Der erste Vers der alttestamentlichen Lesung stellt einen neuen Einsatz mit der Gottesrede und der Aufforderung zum Sehen dar. Jahwe lenkt den Blick auf seinen Knecht. Dazwischengeschoben ist der Bericht eines anderen über das Leiden jenes Knechtes. Die Gottesrede selbst setzt mit "Mein Knecht" wieder ein. Eingerahmt von der Zusage Gottes werden die Verachtung und die Schmerzen des Gottesknechtes breit entfaltet. Dann macht sich ein Wechsel in der Darstellungsweise bemerkbar: Weg von der Vordergründigkeit werden nun die Hintergründe des Leidens durchschaut: Aus dem blossen "Meinen" wird die Gewissheit "Für uns": wegen unserer Krankheit und unserer Schmerzen, wegen unserer Sünden, zu unserem Heil, die Schuld von uns. Dann wird betont, dass der Gottesknecht all das Leid zu dem wortlos auf sich genommen hat. Seine Gefühle, sein Leid spielen keine Rolle. Es geht allein darum, den Plan Gottes zu erfüllen. Die Zwischenrede findet sein Ende in der Gewissheit, dass dieser getreue Knecht seinen Lohn erhalten wird. Zusammengefasst: Von der Vordergründigkeit der Oberflächlichkeit des Betrachters durch das Hintergründige des Warum auf die Verheißung einer licht- und heilvollen Zukunft.

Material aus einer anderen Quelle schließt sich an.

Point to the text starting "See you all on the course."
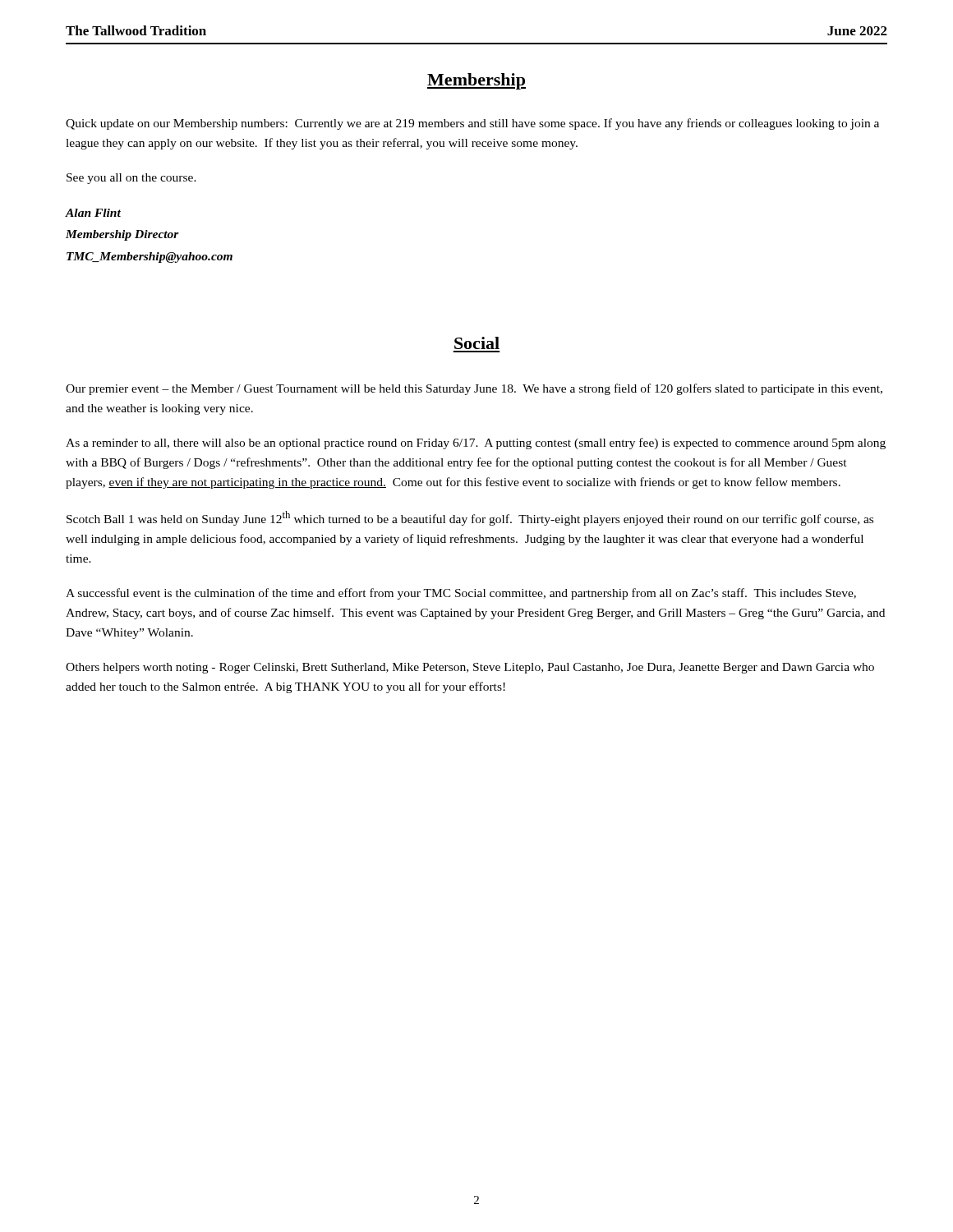This screenshot has width=953, height=1232. [131, 177]

Als alttestamentliche Lesung des Karfreitagsgottesdienstes ist das sog. vierte Lied vom Gottesknecht aus dem Jesaja-Buch vorgesehen. Die vier Gottesknechtslieder dürfte der Verfasser des zweiten Teiles des Jesajabuches bereits als zusammengehörige Überlieferungseinheit vorgefunden und an vier Stellen in sein Werk eingefügt haben. Als Verfasser des zweiten Teiles des Jesajabuches wird ein Schüler des "ersten" Jesaja in Betracht gezogen. Er lebte vermutlich im babylonischen Exil und suchte in seinen prohetischen Texten dem Volk in der Gefangenschaft Hoffnung zu geben.
Ähnlich unklar wie die Person des "zweiten" Jesaja ist die Gestalt des Gottesknechtes, von dem die vier Gesänge erzählen. Ist mit dem Gottesknecht das in der Verbannung lebende Volk Israel selbst gemeint? Ist es der zweite Jesaja selbst? In diesem Falle hätten seine Jünger den vierten Gesang verfaßt. Dies läßt sich heute nicht mehr feststellen.
Ebenso interessant wie die Person des Gottesknechtes ist die Theologie, die in diesen Liedern, vor allem im vierten dargeboten wird. Das Lied erzählt von einem Knecht, der im Ansehen der Menschen so weit abgesunken und erniedrigt ist, daß er als verachtet und auch von Gott verlassen gelten mußte. Seine Krankheit, seine Schmerzen, sein schlechtes Aussehen konnten damals nur als von Gott Verlassensein und als Strafe Gottes verstanden werden.
Doch da kommt die Wende: Er hat die Erniedrigung nicht als Strafe für seine eigene Schuld erlitten, sondern er hat "unsere Krankheit getragen und unsere Schmerzen auf sich geladen". Sein Leiden ist nicht als Strafe zu betrachten sondern als Sühne für die Schuld anderer, für unsere Schuld. Sein Leiden wird geschildert in der Art, wie in den Klagepsalmen Leidende ihr unverdientes und Unverstandenes Leid vor Gott zur Sprache bringen.
Die zweite überraschende Wende setzt ein, wenn gesagt wird: Der geschlagene Knecht findet Gefallen bei Gott. Sein Leben wird durch Nachkommenschaft und lange Dauer gesegnet.
Die Gottesknechtslieder dienten den Christen der ersten Generation als Verstehenshilfe für das unverstehbare Schicksal Jesu. Sie sahen in ihm den Gottesknecht, der trotz aller Redlichkeit die Schmach des Verbrechertodes zu erleiden hatte. Sie verstehen sein Leiden als Sühneleiden und als Weg zur Erhöhung durch Gott.